I had a fight with my mom. About the exact thing I told you yesterday, only, not really. I mean it was about me being a little fed up with law, but I guess I didn’t elaborate enough to make her truly understand what I was trying to say. I might have freaked her out a bit as well. I mean, I didn’t really show how much I didn’t like it until a few days ago, so it really came out of nowhere. At least that’s what I am trying to tell myself. If I manage to actually explain it to her, she might be in favour of me changing courses. But then again, I don’t even really know what I personally want. How can I expect her to support me when I don’t know what I want her to support me in …?
Really, nobody ever tells you how difficult this entire career choice thing is. Your entire life relies on a decision you make when you are 18 or 19. That’s horrible. What if I make the wrong one and I regret it for my entire life?
I guess being entirely alone for 4 days really isn’t the most beneficial for my mental health. Kinda funny though, how I always wished to live alone and now the solitude messes me up and makes me want to get back into our cramped apartment. If I could at least write with someone. Someone that can actually reply back, sorry diary.
I think I should be able to get back tomorrow though. I can see the snow sweating in my window. One more day, I can do that.
21/01/2022
Good morning, my beloved book of thoughts!
I was right, I can get home today. When I woke up, about 30 minutes ago, I gave the door a small push and I think I can get it open if I try a bit harder! I just thought I owed you some closing thoughts, you know. I think without you I would have had some more mental breakdowns. Thank you. And thank you, mysterious person, or future me, for listening. Imagining someone actually reading this is scary but at the same time it felt nice talking to someone.
I don’t honestly know if I’m ever going to use you again, or at least I am unsure if I am going to use you as a diary. Who knows, maybe these pages will finally be filled with the short stories they deserve.
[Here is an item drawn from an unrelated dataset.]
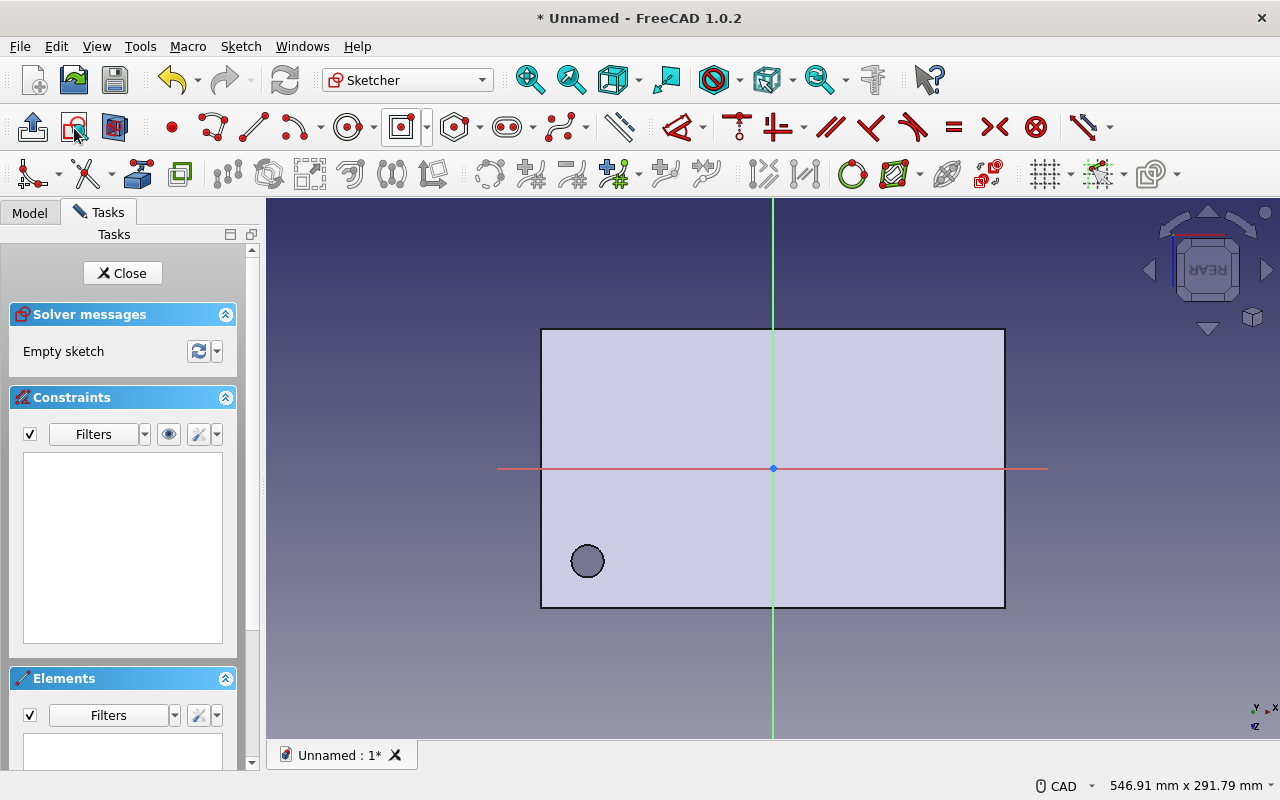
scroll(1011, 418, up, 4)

And then, in a few years, I might return to you and read all about my little introspective adventure, knowing what I will have finally decided to do. Hey there, future self, I hope you’re happy with your decision, whatever it is.
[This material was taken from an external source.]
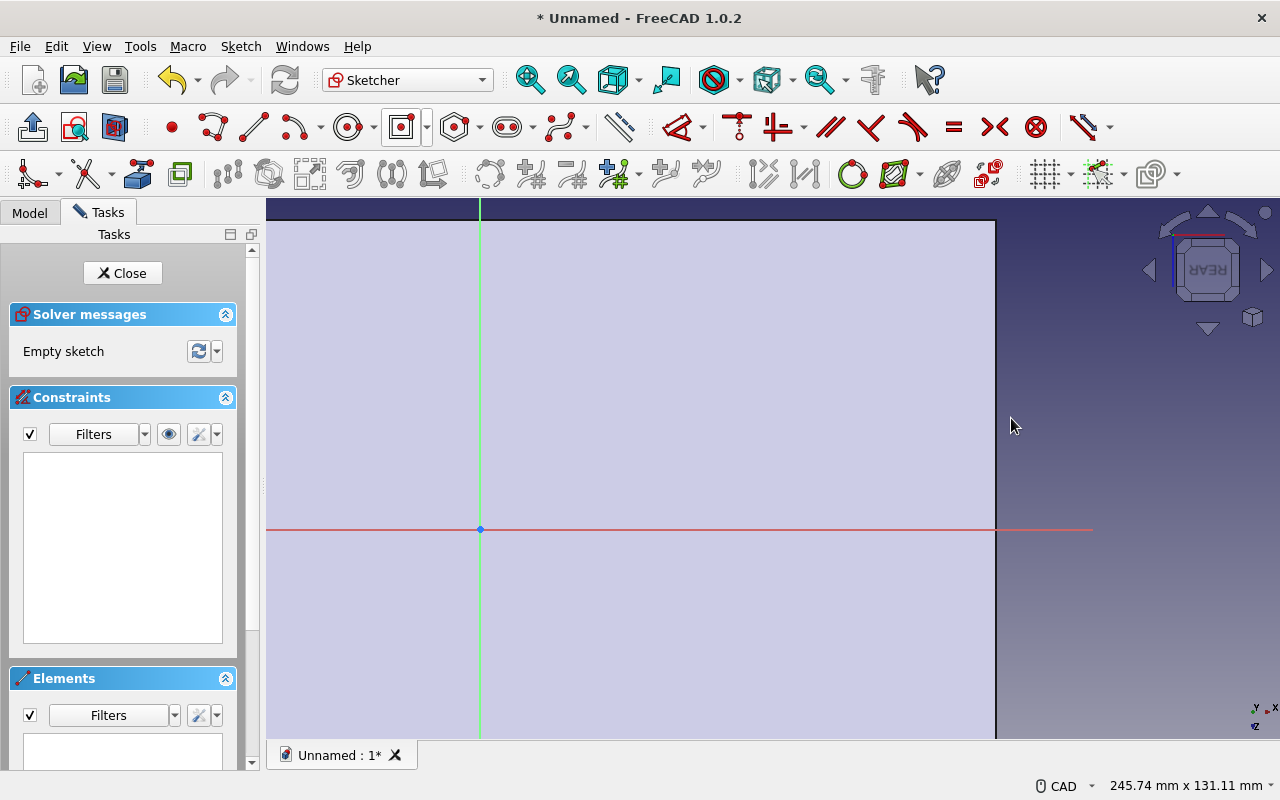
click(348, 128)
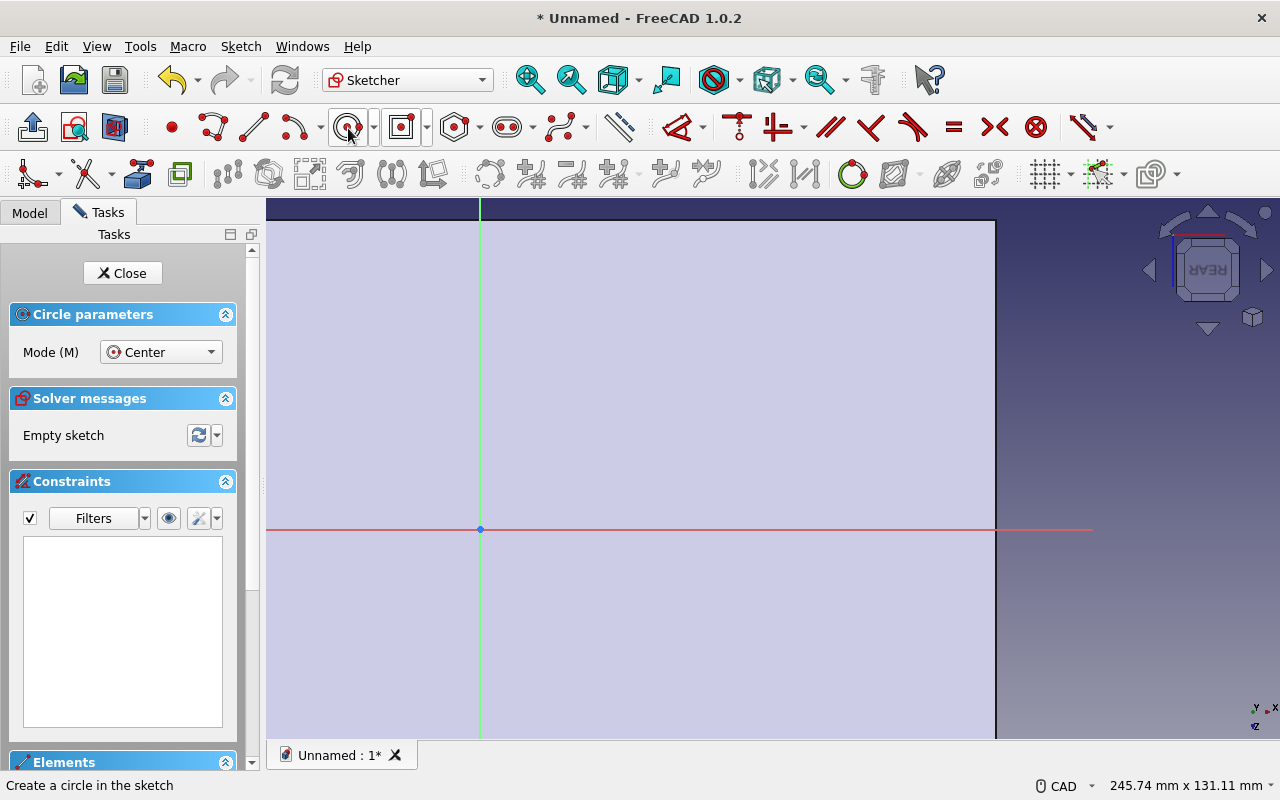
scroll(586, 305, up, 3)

Oh, and I also created some sort of plan yesterday. I really hope I manage to go through with it though. Step one will be to talk to my parents, like, really talk to them. Sit them down, maybe make them a hot chocolate (a little bribery never hurt anyone, right?) and explain to them how I am feeling. I’ll have to do it today I think, otherwise I might lose courage, so wish me luck. Then I’ll need to apply to a university (or several, just to make sure I get accepted at one of them). Applying doesn’t need to mean that I’ll actually go, that gives me some peace of mind. I’ll still have time to figure it all out. Maybe my second term will get me excited for law again, then I’ll simply continue on my path, but if that doesn’t happen, I’ll at least have a way out. I guess I’ll just have to go with my gut on this one. If I don’t like the subject itself, how can I then enjoy the job that comes afterwards, right?
Well, wish me luck.
P.S. I managed to get out and I’m currently sitting in my car (which still works! I was a bit worried that it was somehow damaged by the snow but thank God, I parked it in our “outside garage” aka a wooden overhand that extends to the side of the chalet). In an hour or so I’ll be back home. I guess you know better than me if I continue writing or not. Bye for now my dearest of all diaries!